Gelaran sosialisasi TMU untuk merekrut calon mahasiswa dari Indonesia ini sudah keempat kalinya. Dan, Unusa sudah tiga kali ditunjuk menjadi tempat lokasi perekrutan. Tahun ini ada 20 peserta dari berbagai daerah yang mengikuti seleksi beasiswa TMU di Unusa.
“Hampir 75 persen mahasiswa asing yang belajar di TMU dari Indonesia. Mereka sebagian besar melanjutkan pendidikan S2 dan S3. Oleh karenanya TMU aktif melakukan sosialisasi dan perekrutan langsung ke Indonesia,” kata Wiwik Afridah SKM MKes, Global Engagement Nahdlatul Ulama of Surabaya (Genus).
Sementara itu Ns Dyah Ika Krisnawati Skep MS PhD, salah satu mahasiswa Indonesia yang telah menyelesaikan pendidikan S3 di TMU pada Juli 2019 pun berbagi pengalaman. Menurutnya TMU memberi kesempatan seluas-luasnya kepada mahasiswa untuk melakukan penelitian. Maklum fasilitas laboratorium (lab) di TMU sangat luas dan lengkap. Satu jenis lab bisa menempati areal satu lantai gedung.
“Di TMU kita bisa menjadi peneliti yang mandiri. Pasalnya di sana setiap tahapan penelitian dilakukan sendiri. Berbeda dengan di Indonesia yang dilakukan petugas laboratorium,” kata Dyah yang mengambil bidang medical science.

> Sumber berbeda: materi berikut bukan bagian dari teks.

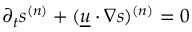Convert formula to latex. <formula><loc_0><loc_0><loc_500><loc_500>\partial _ { t } { s ^ { ( n ) } } + { ( \underline { u } { \cdot } \nabla s ) ^ { ( n ) } } = 0</formula> 
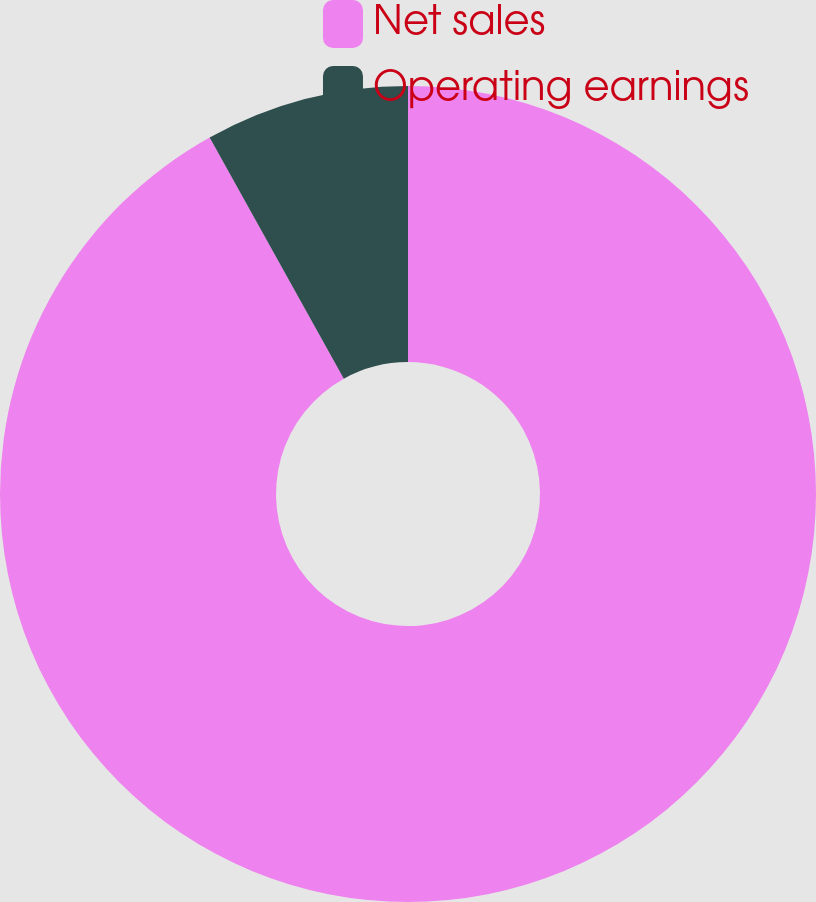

Menurut Dyah dengan melakukan penelitian sendiri, mahasiswa bisa mengetahui dan mengikuti setiap detil proses dan perkembangan hasil penelitian. Mulai dari kultur sel, deteksi protein yang bermacam jenis. Dilanjutkan dengan penyusunan laporan jurnal hingga publikasi.
“Justru saya kesulitan mencari pasien untuk penelitian saya tentang imunopatologi adult onset immunodesi ciency syndrome. Patologi yang saya teliti termasuk baru sehingga pasien masih langka. Namun gejalanya sudah muncul baik di Taipeh, Taiwan dan Indonesia,” kata Dyah.
Ibu tiga anak ini akhirnya merasa lega bisa menyelesaikan Pendidikan S3 yang ditempuh selama 5 tahun. (hap/Humas Unusa)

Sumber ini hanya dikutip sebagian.